Он там не только писал стихи, но и много рисовал. Рисунки из Норенской отличают тоска по воле, но вместе с тем и огромное чувство юмора. Изобразив себя в виде вспахивающего землю кентавра на фоне вышки и колючей проволоки, Бродский явно осознает свое положение, а вместе с тем шуткой старается утешить родителей.
Природный, физический Север обрел в его поэзии метафизическую высоту. Позже он с удовольствием вспоминал: «Ну, работа там какая — батраком! Но меня это нисколько не пугало. Наоборот, ужасно нравилось. Потому что это был чистый Роберт Фрост или наш Клюев: Север, холод, деревня, земля…»

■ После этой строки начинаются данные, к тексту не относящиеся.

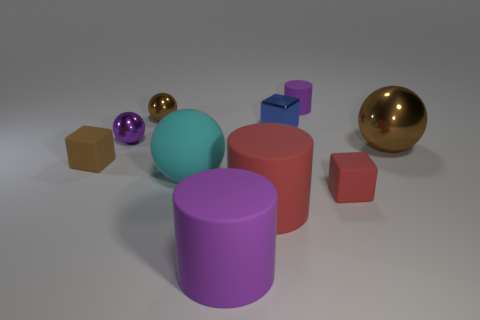Subtract all small matte cubes. How many cubes are left? 1 Subtract all yellow cylinders. How many brown balls are left? 2 Subtract all cyan balls. How many balls are left? 3 Subtract 0 yellow cylinders. How many objects are left? 10 Subtract all spheres. How many objects are left? 6 Subtract 2 balls. How many balls are left? 2 Subtract all brown balls. Subtract all brown cylinders. How many balls are left? 2 Subtract all brown shiny spheres. Subtract all brown rubber objects. How many objects are left? 7 Add 6 rubber cylinders. How many rubber cylinders are left? 9 Add 6 brown rubber objects. How many brown rubber objects exist? 7 
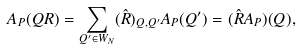Convert formula to latex. <formula><loc_0><loc_0><loc_500><loc_500>A _ { P } ( Q R ) = \sum _ { Q ^ { \prime } \in W _ { N } } ( \hat { R } ) _ { Q , Q ^ { \prime } } A _ { P } ( Q ^ { \prime } ) = ( \hat { R } A _ { P } ) ( Q ) ,</formula> 
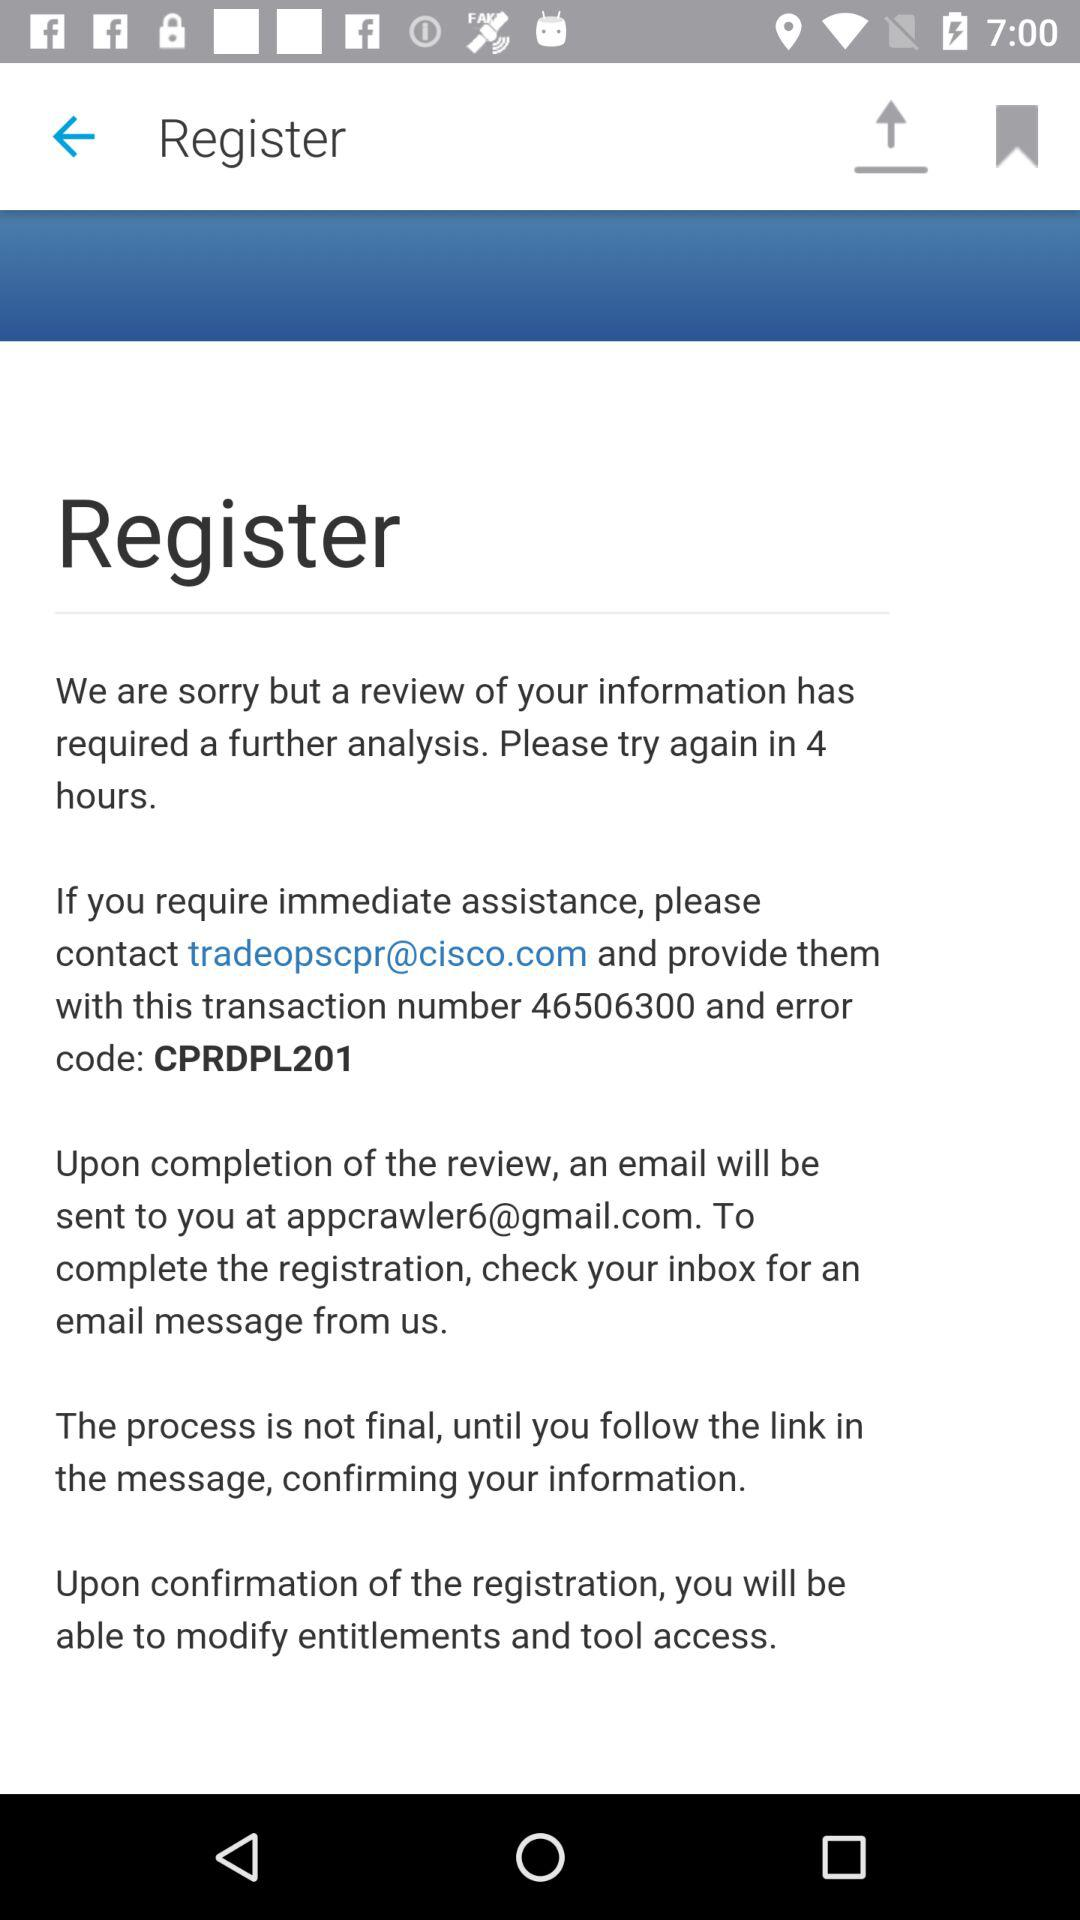At which email address will I get the email after the completion of the review? You will get an email at appcrawler6@gmail.com after the completion of the review.

Как не раз уже бывало в русской поэзии, в своей ссылке он обрел максимальную высоту творческого полета. Это уже навсегда: «Северный край, укрой…».
СЕВЕРНОЕ СМИРЕНИЕ
К поздним стихам Иосифа Бродского я был почти равнодушен. Затянутость, отстраненность, какая-то опустошенность создавали образ мрачного и нелюдимого поэта, раздраженного на весь мир. Но у меня всегда был в памяти свой Бродский и, занимаясь в литературной критике совсем другими писателями, я всё ждал, когда же среди сотен статей, книг и диссертаций, посвященных его творчеству, я встречу статью, а то и книгу о северном, уже почти фольклорном периоде его жизни.
Так ни разу и не увидел. Критики-почвенники пугались самого имени Бродского, северные краеведы обходили его стороной, критики-западники видели в его архангельской ссылке лишь бессмысленные и, к счастью, недолгие страдания. Не верили ни признаниям самого поэта, ни воспоминаниям друзей, ни отзывам Анны Ахматовой.
Как-то меня занесло на месяц в одну из самых любимых поэтом стран — в Швецию, где он бывал почти каждое лето в последние десять лет своей жизни, спасаясь от нью-йоркской жары и погружаясь в привычную для него балтийскую атмосферу. Здесь он был почти дома, здесь спасался от ностальгии по Северу, здесь в 1990 году женился на Марии Соццани. Я ходил по лесам и каменистым завалам острова Форе, неподалеку от дома, где жил всемирно известный кинорежиссер Ингмар Бергман, а в голову приходили строчки, сочиненные Иосифом Бродским на острове Торе, тут же, неподалеку от Готланда, где он на даче скандинавских друзей укрывался от донимавшей его всемирной славы и писал чу́дные стихи и о России, и о Швеции.
Вот я и снова под этим бесцветным небом,
Заваленным перистым, рыхлым, единым хлебом.